Those of you who know me personally know that I love standup comedy. I was obsessed with it for two years. Every waking moment was spent writing jokes, trying to get booked on shows, and producing shows. I liked comedy because of how exhilarating it felt, to go up in front of a crowd and roll the dice to see if people liked my jokes. I would dream about performing at comedy clubs, the glorious 10k followers on Instagram, and having people come up to me on the train and ask for a selfie. I had a little taste of comedy success. A video doing semi-well (25k views) and performing in front of 300+ people.
But life has recently gotten in the way of my passion. College is over, I’m getting on shows far smaller and less often, and I spend most of my time performing at open mics. My typical schedule is 3 mics a week, and the occasional show, but it’s not as fun as it used to be. I live in San Francisco, and the gravity of this city is pulling me in a different direction than stand-up comedy. Everyone around me seems to be building cool shit. SF is the center of the universe for technology and sometimes I feel like telling jokes on stage is a roundabout way of wasting time.
On Monday nights I go to the Edinburgh Castle Pub open mic in the Tenderloin. Zigzagging around the homeless people into a bar that faintly smells of urine. I walk upstairs into a room called the dungeon. Typically, 13 dudes are scattered in the room, all comics, and they go up one by one, tell their dick jokes, and leave. Going 12th is the most depressing; you’ve been sitting through 90 mins of dick jokes, and now you have to do your set in front of the one weird guy whose stage name is “Toothbrush”.
I zigzag back around the homeless people get on the 49 Bus back home and scroll through X. A startup founder posted a stripe screenshot “10K Monthly Recurring Revenue”, says the caption. A few scrolls later, “Excited to announce our series A for our AI App”. And I can’t help but wonder, what the hell am I doing with my time?
The team at SLAM Ventures, a group I really admire, are building really cool products that lots of people use. My Co-Author Ajay has quit his job to build his own thing. I can't help but fantasize about the same path for myself. The time in the shower spent thinking of new jokes is now spent thinking up ideas for apps, websites, and projects I can spend my time on.
I haven’t quit comedy by any means. But my passion for it has diffused to a much lower concentration. The biggest thing that has changed since college are my adult obligations. A combination of my parents and Uncle Sam financed my lifestyle through undergrad and grad school. But now, it’s my employer. I have a crippling anxiety that every second I spend out doing comedy is being used as a fair cause by my employer to replace me with a better, more focused, engineer. And San Francisco’s culture mandates that I spend more time on VS code than on stage.

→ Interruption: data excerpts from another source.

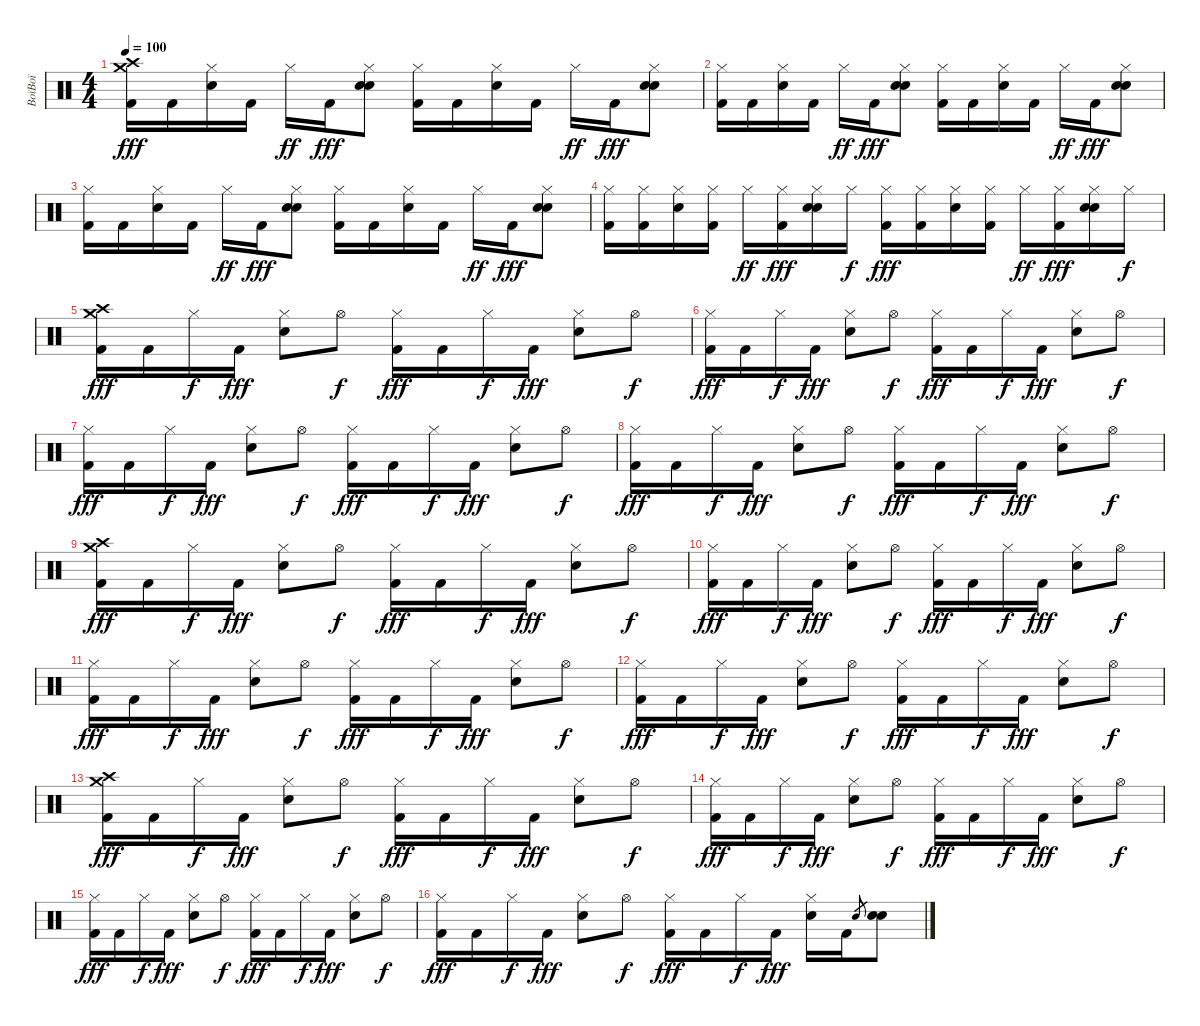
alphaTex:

\track ("BoïBoï" "BoïBoï") {instrument percussion}
\staff {score}
\articulation defaults
\ts (4 4)
\tempo 100
\clef neutral
\ks c
("Crash medium (hit)" "Crash high (hit)" "Kick (hit) 2").16{dy fff} "Kick (hit) 2".16 ("Hi-Hat (closed)" "Electric Snare (hit)").16 "Kick (hit) 2".16 "Hi-Hat (closed)".16{dy ff} "Kick (hit) 2".16{dy fff} ("Hi-Hat (closed)" "Electric Snare (hit)" "Snare (hit) 2").8 ("Hi-Hat (closed)" "Kick (hit) 2").16 "Kick (hit) 2".16 ("Hi-Hat (closed)" "Electric Snare (hit)").16 "Kick (hit) 2".16 "Hi-Hat (closed)".16{dy ff} "Kick (hit) 2".16{dy fff} ("Hi-Hat (closed)" "Electric Snare (hit)" "Snare (hit) 2").8 |
("Hi-Hat (closed)" "Kick (hit) 2").16 "Kick (hit) 2".16 ("Hi-Hat (closed)" "Electric Snare (hit)").16 "Kick (hit) 2".16 "Hi-Hat (closed)".16{dy ff} "Kick (hit) 2".16{dy fff} ("Hi-Hat (closed)" "Electric Snare (hit)" "Snare (hit) 2").8 ("Hi-Hat (closed)" "Kick (hit) 2").16 "Kick (hit) 2".16 ("Hi-Hat (closed)" "Electric Snare (hit)").16 "Kick (hit) 2".16 "Hi-Hat (closed)".16{dy ff} "Kick (hit) 2".16{dy fff} ("Hi-Hat (closed)" "Electric Snare (hit)" "Snare (hit) 2").8 |
("Hi-Hat (closed)" "Kick (hit) 2").16 "Kick (hit) 2".16 ("Hi-Hat (closed)" "Electric Snare (hit)").16 "Kick (hit) 2".16 "Hi-Hat (closed)".16{dy ff} "Kick (hit) 2".16{dy fff} ("Hi-Hat (closed)" "Electric Snare (hit)" "Snare (hit) 2").8 ("Hi-Hat (closed)" "Kick (hit) 2").16 "Kick (hit) 2".16 ("Hi-Hat (closed)" "Electric Snare (hit)").16 "Kick (hit) 2".16 "Hi-Hat (closed)".16{dy ff} "Kick (hit) 2".16{dy fff} ("Hi-Hat (closed)" "Electric Snare (hit)" "Snare (hit) 2").8 |
("Hi-Hat (closed)" "Kick (hit) 2").16 ("Hi-Hat (closed)" "Kick (hit) 2").16 ("Hi-Hat (closed)" "Electric Snare (hit)").16 ("Hi-Hat (closed)" "Kick (hit) 2").16 "Hi-Hat (closed)".16{dy ff} ("Hi-Hat (closed)" "Kick (hit) 2").16{dy fff} ("Hi-Hat (closed)" "Electric Snare (hit)" "Snare (hit) 2").16 "Hi-Hat (closed)".16{dy f} ("Hi-Hat (closed)" "Kick (hit) 2").16{dy fff} ("Hi-Hat (closed)" "Kick (hit) 2").16 ("Hi-Hat (closed)" "Electric Snare (hit)").16 ("Hi-Hat (closed)" "Kick (hit) 2").16 "Hi-Hat (closed)".16{dy ff} ("Hi-Hat (closed)" "Kick (hit) 2").16{dy fff} ("Hi-Hat (closed)" "Electric Snare (hit)" "Snare (hit) 2").16 "Hi-Hat (closed)".16{dy f} |
("Crash medium (hit)" "Crash high (hit)" "Kick (hit) 2").16{dy fff} "Kick (hit) 2".16 "Hi-Hat (closed)".16{dy f} "Kick (hit) 2".16{dy fff} ("Hi-Hat (closed)" "Electric Snare (hit)").8 "Hi-Hat (open)".8{dy f} ("Hi-Hat (closed)" "Kick (hit) 2").16{dy fff} "Kick (hit) 2".16 "Hi-Hat (closed)".16{dy f} "Kick (hit) 2".16{dy fff} ("Hi-Hat (closed)" "Electric Snare (hit)").8 "Hi-Hat (open)".8{dy f} |
("Hi-Hat (closed)" "Kick (hit) 2").16{dy fff} "Kick (hit) 2".16 "Hi-Hat (closed)".16{dy f} "Kick (hit) 2".16{dy fff} ("Hi-Hat (closed)" "Electric Snare (hit)").8 "Hi-Hat (open)".8{dy f} ("Hi-Hat (closed)" "Kick (hit) 2").16{dy fff} "Kick (hit) 2".16 "Hi-Hat (closed)".16{dy f} "Kick (hit) 2".16{dy fff} ("Hi-Hat (closed)" "Electric Snare (hit)").8 "Hi-Hat (open)".8{dy f} |
("Hi-Hat (closed)" "Kick (hit) 2").16{dy fff} "Kick (hit) 2".16 "Hi-Hat (closed)".16{dy f} "Kick (hit) 2".16{dy fff} ("Hi-Hat (closed)" "Electric Snare (hit)").8 "Hi-Hat (open)".8{dy f} ("Hi-Hat (closed)" "Kick (hit) 2").16{dy fff} "Kick (hit) 2".16 "Hi-Hat (closed)".16{dy f} "Kick (hit) 2".16{dy fff} ("Hi-Hat (closed)" "Electric Snare (hit)").8 "Hi-Hat (open)".8{dy f} |
("Hi-Hat (closed)" "Kick (hit) 2").16{dy fff} "Kick (hit) 2".16 "Hi-Hat (closed)".16{dy f} "Kick (hit) 2".16{dy fff} ("Hi-Hat (closed)" "Electric Snare (hit)").8 "Hi-Hat (open)".8{dy f} ("Hi-Hat (closed)" "Kick (hit) 2").16{dy fff} "Kick (hit) 2".16 "Hi-Hat (closed)".16{dy f} "Kick (hit) 2".16{dy fff} ("Hi-Hat (closed)" "Electric Snare (hit)").8 "Hi-Hat (open)".8{dy f} |
("Crash medium (hit)" "Crash high (hit)" "Kick (hit) 2").16{dy fff} "Kick (hit) 2".16 "Hi-Hat (closed)".16{dy f} "Kick (hit) 2".16{dy fff} ("Hi-Hat (closed)" "Electric Snare (hit)").8 "Hi-Hat (open)".8{dy f} ("Hi-Hat (closed)" "Kick (hit) 2").16{dy fff} "Kick (hit) 2".16 "Hi-Hat (closed)".16{dy f} "Kick (hit) 2".16{dy fff} ("Hi-Hat (closed)" "Electric Snare (hit)").8 "Hi-Hat (open)".8{dy f} |
("Hi-Hat (closed)" "Kick (hit) 2").16{dy fff} "Kick (hit) 2".16 "Hi-Hat (closed)".16{dy f} "Kick (hit) 2".16{dy fff} ("Hi-Hat (closed)" "Electric Snare (hit)").8 "Hi-Hat (open)".8{dy f} ("Hi-Hat (closed)" "Kick (hit) 2").16{dy fff} "Kick (hit) 2".16 "Hi-Hat (closed)".16{dy f} "Kick (hit) 2".16{dy fff} ("Hi-Hat (closed)" "Electric Snare (hit)").8 "Hi-Hat (open)".8{dy f} |
("Hi-Hat (closed)" "Kick (hit) 2").16{dy fff} "Kick (hit) 2".16 "Hi-Hat (closed)".16{dy f} "Kick (hit) 2".16{dy fff} ("Hi-Hat (closed)" "Electric Snare (hit)").8 "Hi-Hat (open)".8{dy f} ("Hi-Hat (closed)" "Kick (hit) 2").16{dy fff} "Kick (hit) 2".16 "Hi-Hat (closed)".16{dy f} "Kick (hit) 2".16{dy fff} ("Hi-Hat (closed)" "Electric Snare (hit)").8 "Hi-Hat (open)".8{dy f} |
("Hi-Hat (closed)" "Kick (hit) 2").16{dy fff} "Kick (hit) 2".16 "Hi-Hat (closed)".16{dy f} "Kick (hit) 2".16{dy fff} ("Hi-Hat (closed)" "Electric Snare (hit)").8 "Hi-Hat (open)".8{dy f} ("Hi-Hat (closed)" "Kick (hit) 2").16{dy fff} "Kick (hit) 2".16 "Hi-Hat (closed)".16{dy f} "Kick (hit) 2".16{dy fff} ("Hi-Hat (closed)" "Electric Snare (hit)").8 "Hi-Hat (open)".8{dy f} |
("Crash medium (hit)" "Crash high (hit)" "Kick (hit) 2").16{dy fff} "Kick (hit) 2".16 "Hi-Hat (closed)".16{dy f} "Kick (hit) 2".16{dy fff} ("Hi-Hat (closed)" "Electric Snare (hit)").8 "Hi-Hat (open)".8{dy f} ("Hi-Hat (closed)" "Kick (hit) 2").16{dy fff} "Kick (hit) 2".16 "Hi-Hat (closed)".16{dy f} "Kick (hit) 2".16{dy fff} ("Hi-Hat (closed)" "Electric Snare (hit)").8 "Hi-Hat (open)".8{dy f} |
("Hi-Hat (closed)" "Kick (hit) 2").16{dy fff} "Kick (hit) 2".16 "Hi-Hat (closed)".16{dy f} "Kick (hit) 2".16{dy fff} ("Hi-Hat (closed)" "Electric Snare (hit)").8 "Hi-Hat (open)".8{dy f} ("Hi-Hat (closed)" "Kick (hit) 2").16{dy fff} "Kick (hit) 2".16 "Hi-Hat (closed)".16{dy f} "Kick (hit) 2".16{dy fff} ("Hi-Hat (closed)" "Electric Snare (hit)").8 "Hi-Hat (open)".8{dy f} |
("Hi-Hat (closed)" "Kick (hit) 2").16{dy fff} "Kick (hit) 2".16 "Hi-Hat (closed)".16{dy f} "Kick (hit) 2".16{dy fff} ("Hi-Hat (closed)" "Electric Snare (hit)").8 "Hi-Hat (open)".8{dy f} ("Hi-Hat (closed)" "Kick (hit) 2").16{dy fff} "Kick (hit) 2".16 "Hi-Hat (closed)".16{dy f} "Kick (hit) 2".16{dy fff} ("Hi-Hat (closed)" "Electric Snare (hit)").8 "Hi-Hat (open)".8{dy f} |
("Hi-Hat (closed)" "Kick (hit) 2").16{dy fff} "Kick (hit) 2".16 "Hi-Hat (closed)".16{dy f} "Kick (hit) 2".16{dy fff} ("Hi-Hat (closed)" "Electric Snare (hit)").8 "Hi-Hat (open)".8{dy f} ("Hi-Hat (closed)" "Kick (hit) 2").16{dy fff} "Kick (hit) 2".16 "Hi-Hat (closed)".16{dy f} "Kick (hit) 2".16{dy fff} ("Hi-Hat (closed)" "Electric Snare (hit)").16 "Kick (hit) 2".16 "Electric Snare (hit)".8{gr} ("Electric Snare (hit)" "Snare (hit) 2").8

As I was graduating from Berkeley, I couldn’t be happier. I was doing more comedy than ever, I had a nice job lined up, friends by my side, and no real financial responsibility. But things change, and as your attention gets split several different ways, you have less time to give to certain things. I told myself a lie when I walked across the stage and accepted my degree. I told myself that I could have it all. I’d work from 9-5, go do comedy, work on fun personal projects, and stay super fit. I couldn’t do it. Things started to slip through the cracks, specifically things that brought me joy: comedy and building stuff. Busy day at work? I’m definitely skipping the open mic. Got invited to a party? Well, that personal project is immediately put on the backburner.
WW2 history is interesting and I recently was thinking about exactly why Germany lost.
Am I spread too thin? If Germany couldn’t fight a war on two fronts, I probably can’t do 2 things really well at once either… While Germany’s strategic blunder saved the world from autocracy, it got me thinking deeply about which front I want to divert my troops to.
Fighting a war on two fronts is an oversimplification of the thoughts racing through my mind. An important aspect of my situation isn’t captured by my WW2 analogy: the idea of geographic gravity. I was foolish to think that moving to San Francisco and joining a startup wouldn't affect my comedy. The gravity of the city pulled me in a different direction, despite my best intentions to stay loyal to my hobby. I must come to terms with the fact that getting good at one thing might lead to having less time to do something else.
I am going to Europe this winter to decompress, get some fresh air, and ponder a little more about what Hitler did wrong. I plan to pick a front, because I, unlike him, intend to win.